What the task asks:
Give back the records that follow exactly, images excluded.

Provided material:
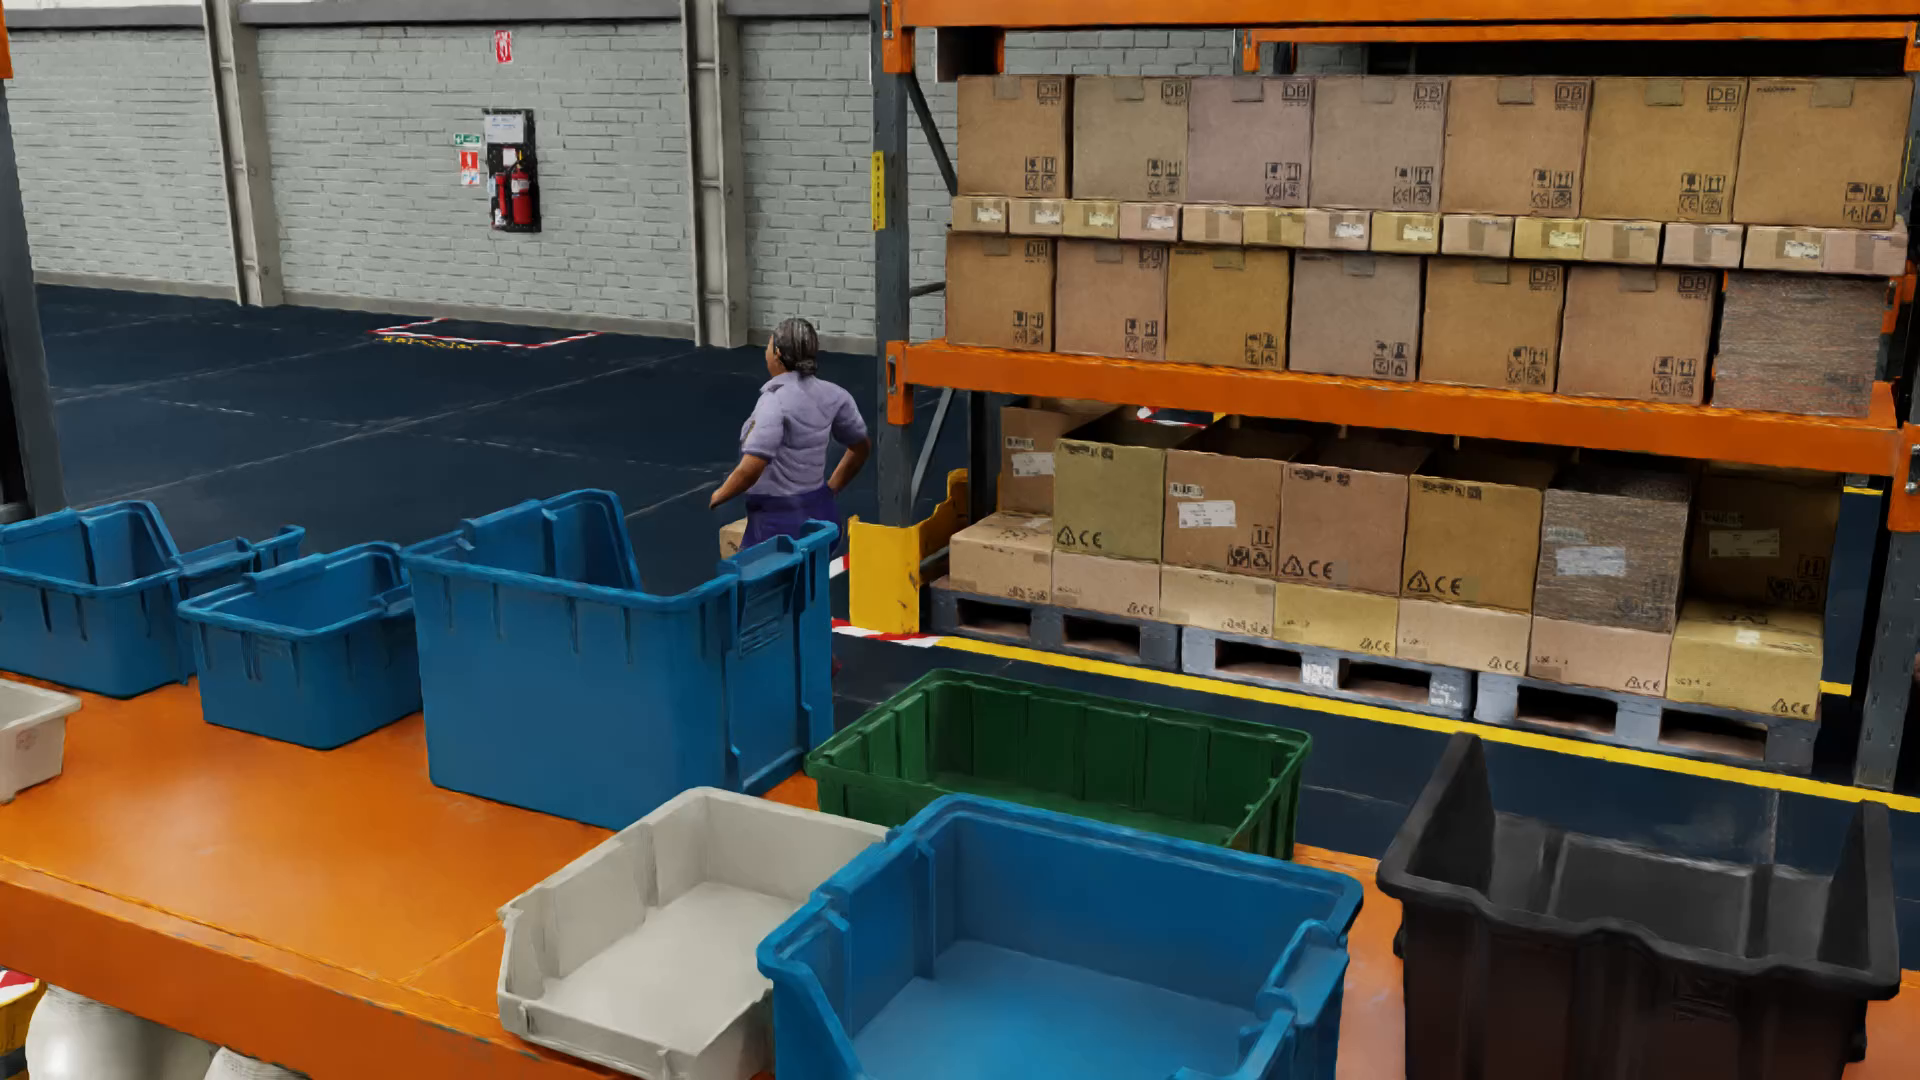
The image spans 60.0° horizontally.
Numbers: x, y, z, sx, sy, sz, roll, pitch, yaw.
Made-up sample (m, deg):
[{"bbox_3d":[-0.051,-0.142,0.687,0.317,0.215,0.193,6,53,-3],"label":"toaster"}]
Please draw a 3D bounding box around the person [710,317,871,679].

Exercise output:
The image spans 60.0° horizontally.
Numbers: x, y, z, sx, sy, sz, roll, pitch, yaw.
Made-up sample (m, deg):
[{"bbox_3d":[-0.051,-0.142,0.687,0.317,0.215,0.193,6,53,-3],"label":"toaster"}]
Please draw a 3D bounding box around the person [710,317,871,679].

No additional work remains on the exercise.